Update: Latest Lies & Cons In The GOP's War On The Health Of The American People (Healthcare/Obamacare/Affordable-Care-Act)
Background: 
1. Case Study: The Fox News Echo Chamber Model Of "News" Is Designed To Encourage Dictatorships & Destroy Democracy
2. The Last GOP Bill Condemned 28,600 Americans To Death (Approx), Media Ignores Story
3. How Media Helps With the GOP's "Murder, Death, Kill" Policies OR How The Media Is Failing The American People On The Healthcare Debate

This post just continues the update of GOP lies to con the people into killing citizens that CAN be saved because they want to give their handful of rich donors a tax cut rather than deporting them (with their cash) for trying to kill Citizens for money. Note: dividing the tax cut by number of estimated American deaths caused by this new policy, gives you the value of one American Citizens life  to a GOP Republican (a pitifully small amount since GOP politicians can all be bought for less than 100,000 dollars though some make alot more than that). In fact, given the state of bribes today, Citizens would be better off pooling their resources together to buy politicians the way Sheldon and Kochs bought the Republicans. Of course, Sheldon & Kochs bought the Republicans to kill off citizens s o they can get a tax cut (though in reality I think they are trying to impose thier psychotic vision for society on everyone that would require destroying the Constitution as "we the people" is anti Republican/Koch/Sheldon at this point). Communities of Citizens are unlikely to do that and are thus a better solution as the buyers of our politician rulers rather than Monty burns (from the Simpsons) type rich "humans".

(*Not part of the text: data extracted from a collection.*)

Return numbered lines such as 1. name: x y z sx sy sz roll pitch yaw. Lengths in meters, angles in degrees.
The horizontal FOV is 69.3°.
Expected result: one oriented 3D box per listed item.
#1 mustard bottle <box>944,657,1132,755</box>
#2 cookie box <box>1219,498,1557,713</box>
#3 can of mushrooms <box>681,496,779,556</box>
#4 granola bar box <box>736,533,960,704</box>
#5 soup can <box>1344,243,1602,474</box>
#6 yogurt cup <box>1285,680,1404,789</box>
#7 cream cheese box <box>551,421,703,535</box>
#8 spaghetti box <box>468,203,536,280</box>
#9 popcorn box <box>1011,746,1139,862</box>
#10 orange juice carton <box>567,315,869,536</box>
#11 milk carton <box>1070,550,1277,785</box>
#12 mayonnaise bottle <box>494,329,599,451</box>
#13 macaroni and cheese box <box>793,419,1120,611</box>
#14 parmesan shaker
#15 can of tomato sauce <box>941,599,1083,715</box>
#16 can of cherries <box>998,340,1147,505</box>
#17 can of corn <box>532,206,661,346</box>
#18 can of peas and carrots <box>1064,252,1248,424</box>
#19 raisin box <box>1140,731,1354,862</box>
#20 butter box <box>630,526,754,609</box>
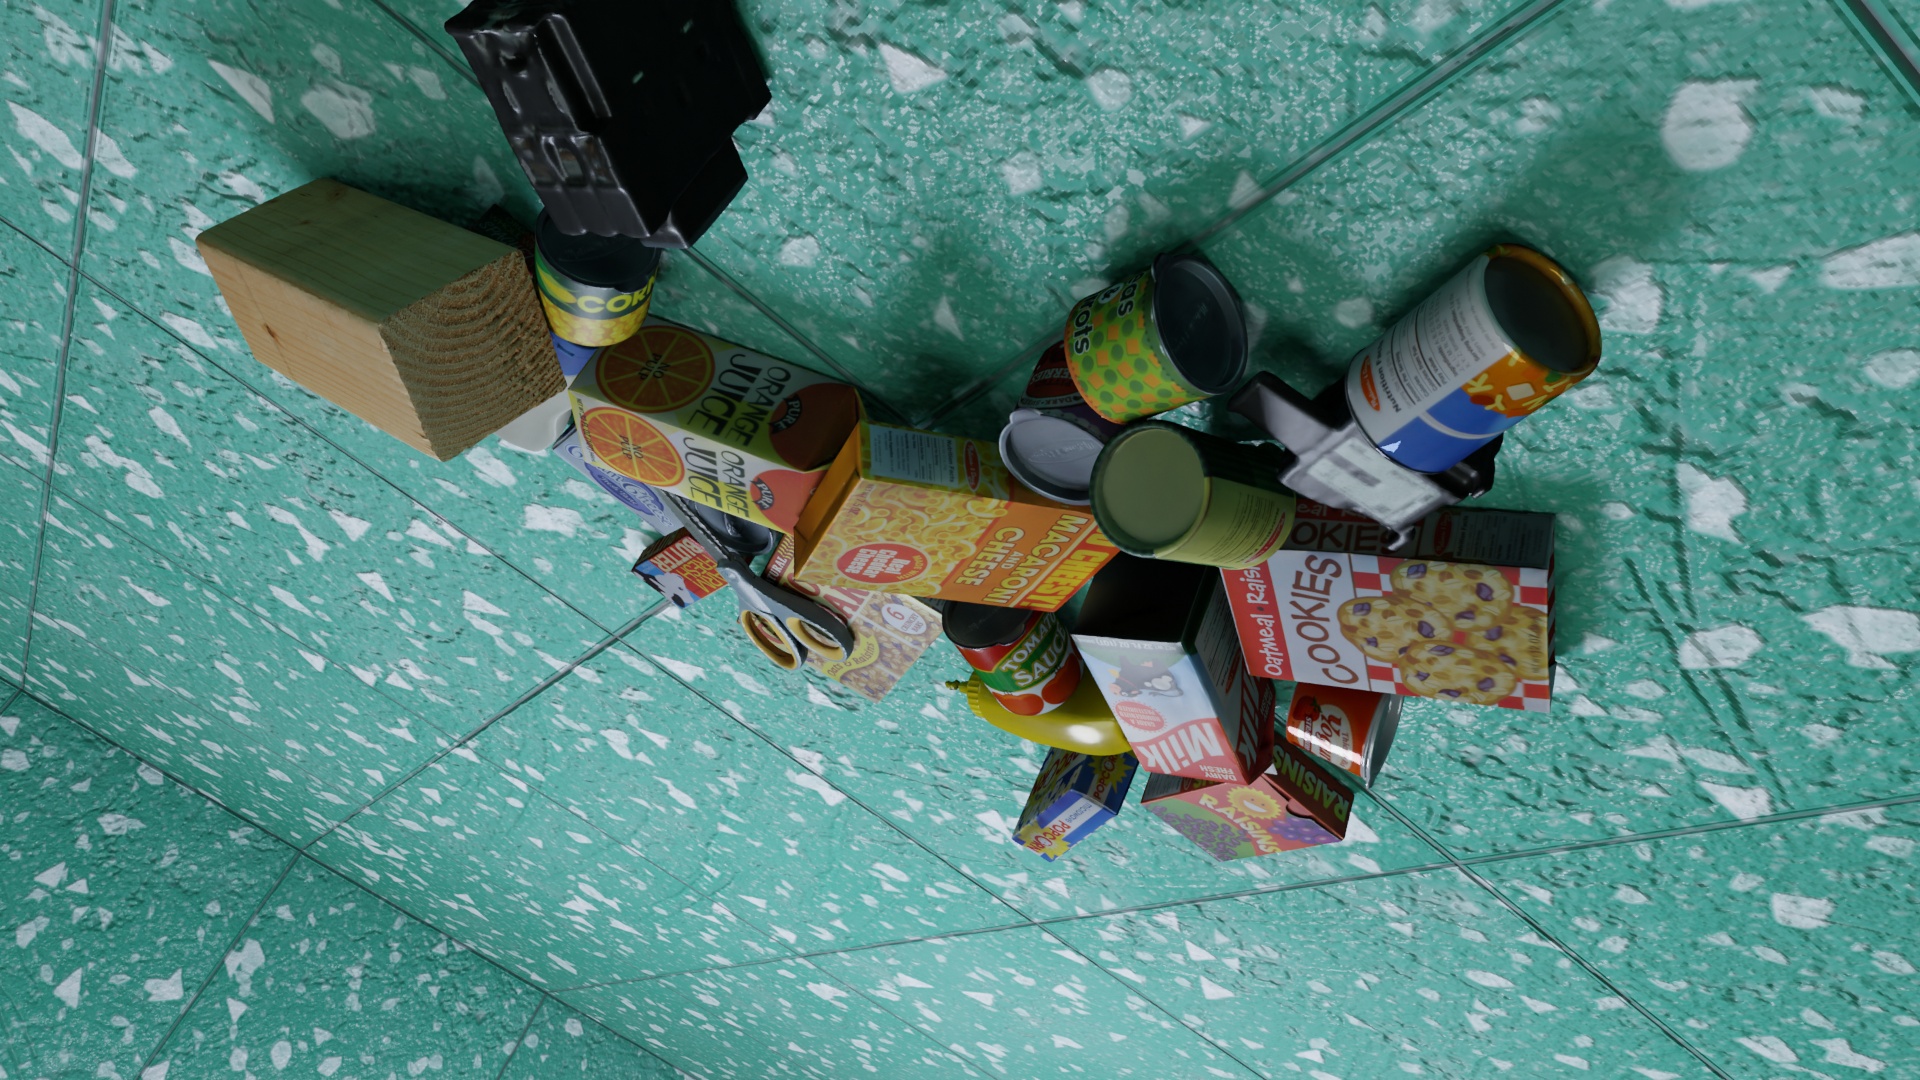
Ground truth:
1. mustard bottle: 0.055 0.107 0.953 0.160 0.065 0.048 3 136 40
2. cookie box: 0.231 0.033 0.752 0.167 0.040 0.122 5 141 27
3. can of mushrooms: -0.152 -0.024 0.934 0.071 0.033 0.070 18 146 12
4. granola bar box: -0.079 0.043 0.971 0.124 0.039 0.164 31 147 -6
5. soup can: 0.218 -0.075 0.590 0.071 0.072 0.083 32 146 -9
6. yogurt cup: 0.229 0.103 0.829 0.054 0.073 0.072 17 146 28
7. cream cheese box: -0.227 -0.047 0.961 0.103 0.024 0.053 40 144 -21
8. spaghetti box: -0.324 -0.136 0.898 0.050 0.029 0.249 38 145 -18
9. popcorn box: 0.087 0.171 0.994 0.038 0.085 0.126 29 147 -3
10. orange juice carton: -0.127 -0.062 0.829 0.193 0.073 0.071 20 146 9
11. milk carton: 0.140 0.089 0.858 0.072 0.074 0.189 1 140 32
12. mayonnaise bottle: -0.266 -0.107 0.890 0.064 0.041 0.147 35 145 -20
13. macaroni and cheese box: 0.003 -0.010 0.784 0.167 0.040 0.123 8 150 -21
14. parmesan shaker: 0.117 -0.024 0.685 0.071 0.071 0.103 -1 175 34
15. can of tomato sauce: 0.036 0.065 0.896 0.071 0.071 0.082 1 143 32
16. can of cherries: 0.060 -0.063 0.717 0.071 0.059 0.071 18 146 13
17. can of corn: -0.200 -0.147 0.764 0.071 0.071 0.058 28 147 -4
18. can of peas and carrots: 0.089 -0.094 0.648 0.071 0.071 0.058 44 143 -25
19. raisin box: 0.200 0.183 0.978 0.086 0.040 0.123 39 144 -17
20. butter box: -0.199 0.016 1.029 0.053 0.024 0.103 39 145 -20

A summary of GOP lies in comedy form;

REPUBLICANS TARGET OBAMACARE (AGAIN) 9/20/2017 Republicans take yet another stab at repealing and replacing Obamacare with a hastily crafted bill sponsored by Senators Lindsey Graham and Bill Cassidy.


Summary of the lie the GOP are selling to the people,( i.e. that insurance is bad or that the people are stupid for falling for their con)...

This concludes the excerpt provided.